2. Commitment is cognitive and comprehending.

It is informed and knowing. It involves understanding and understands the involvement. Like the lady in the limerick e.g.

There was a young lady from Kent
Who said that she knew what it meant
When men took her to dine
Gave her cocktails and wine
She knew what it meant-but she went.

Question: Do you perceive and understand the target and the terms of your commitment and the consequences and knowingly accept them? You don't deserve the name unless you know the rules of the game.

3. Commitment is selective.

It is a deliberate choice involving the weighing of alternatives. It involves both affirmative acceptance of some principles and positive rejection of others.

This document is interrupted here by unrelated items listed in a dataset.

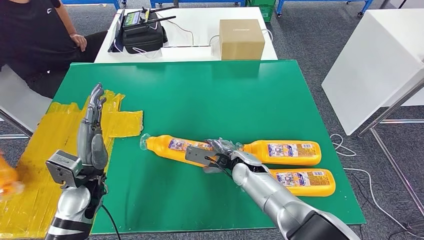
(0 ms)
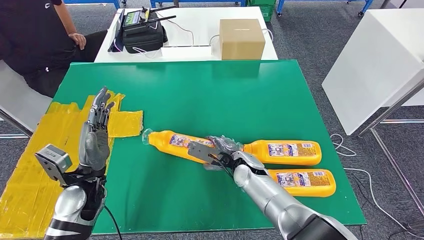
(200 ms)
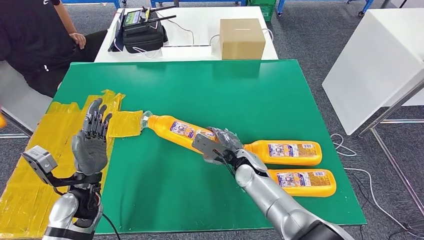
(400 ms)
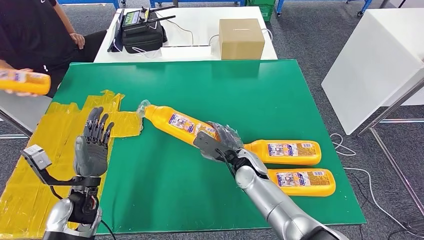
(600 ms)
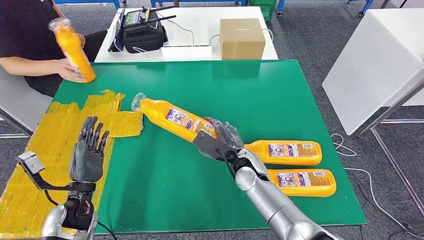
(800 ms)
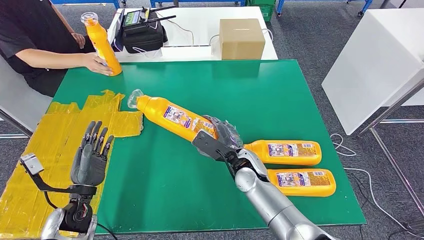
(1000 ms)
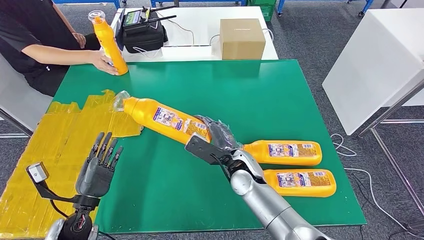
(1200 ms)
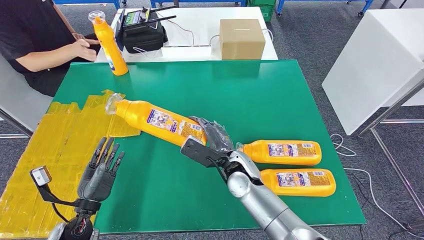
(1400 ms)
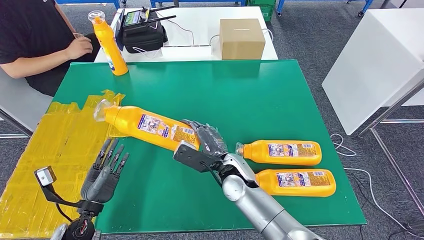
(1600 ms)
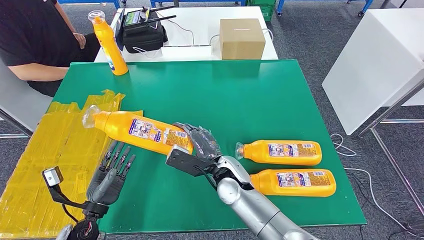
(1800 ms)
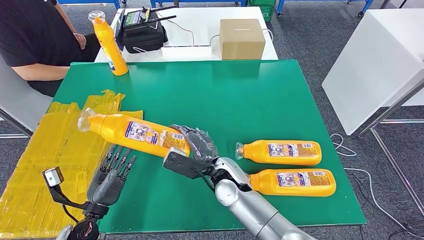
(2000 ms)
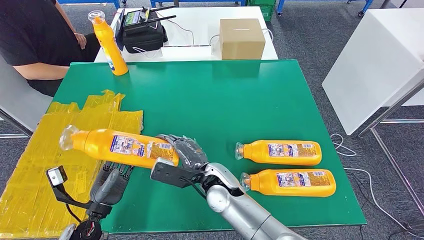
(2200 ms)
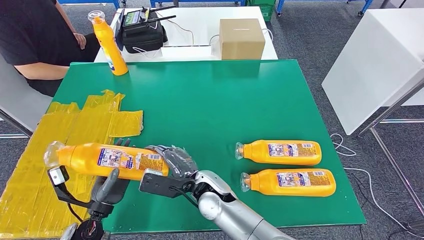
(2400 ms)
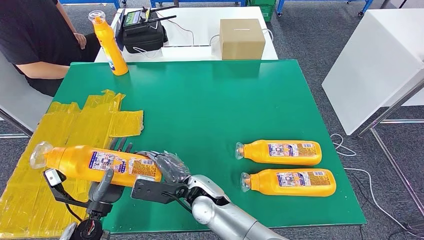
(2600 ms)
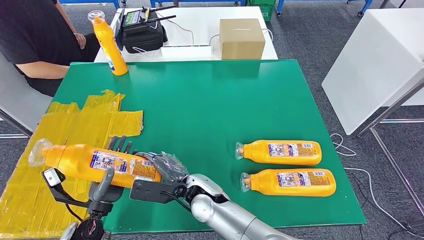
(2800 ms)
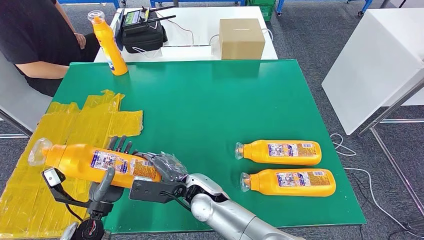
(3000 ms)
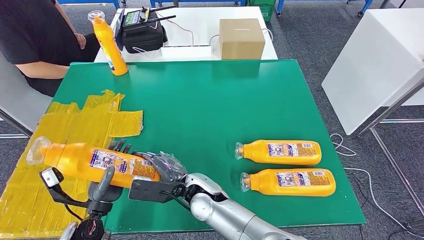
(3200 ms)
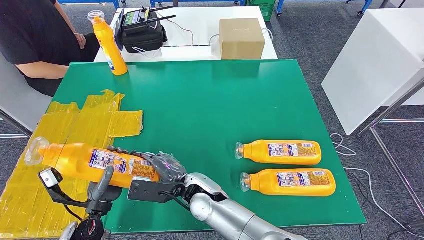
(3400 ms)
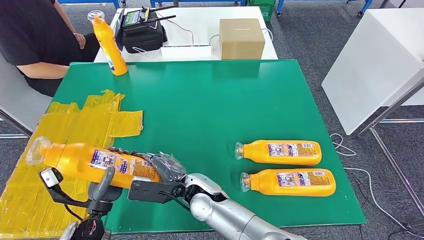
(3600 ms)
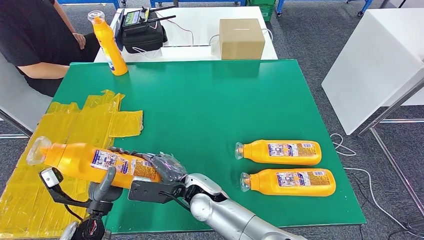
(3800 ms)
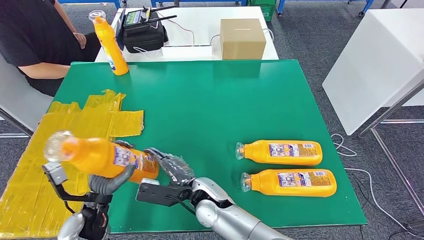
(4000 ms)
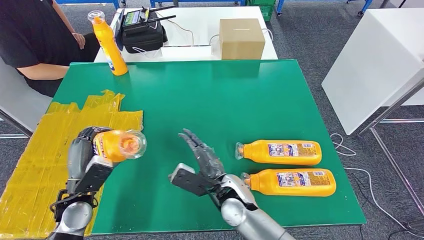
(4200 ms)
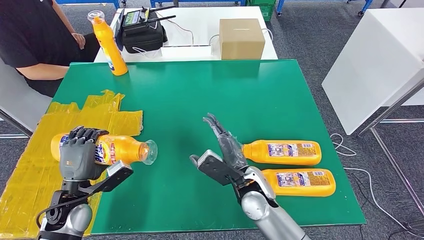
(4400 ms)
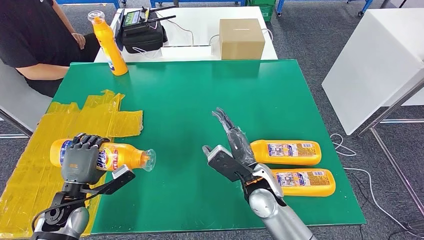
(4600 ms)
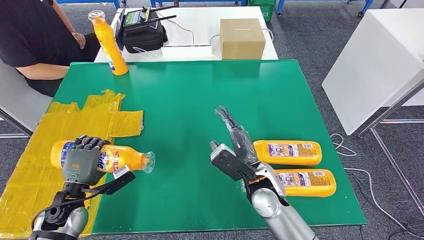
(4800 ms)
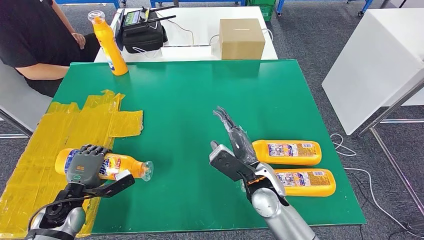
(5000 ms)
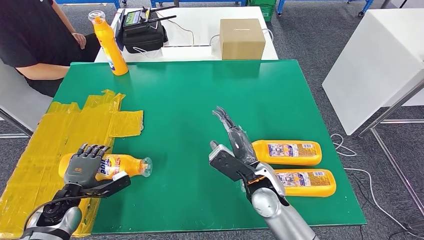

Question: Do you know what you're "for" as well as what you're "against" and does the first make sense in terms of the second?

4. Commitment is selfless

Like love—and it is like love—it "vaunteth not itself and is not puffed up—it beareth all things, endureth all things." By definition it is a giving of self—not a glorification of the self.

Question: Do you wear your commitment like a badge and a status symbol? If so—you want the name—not the game!

5. Commitment is non-seasonal.

The committed man and woman is a man or woman for all season and all climates. Will you be committed in the torrid melting temperatures of conformity—or when the "cool" winds prevail? We are not in a time when commitment is fashionable.

Question: Will yours go out with the mini-skirts? Are you simply committed to commitment—the idea of commitment?

I might end at this point. I must end when we're all feeling "over-committed" but I'll do it by switching to another game—To tell the truth.

Will all the really committed please stand up?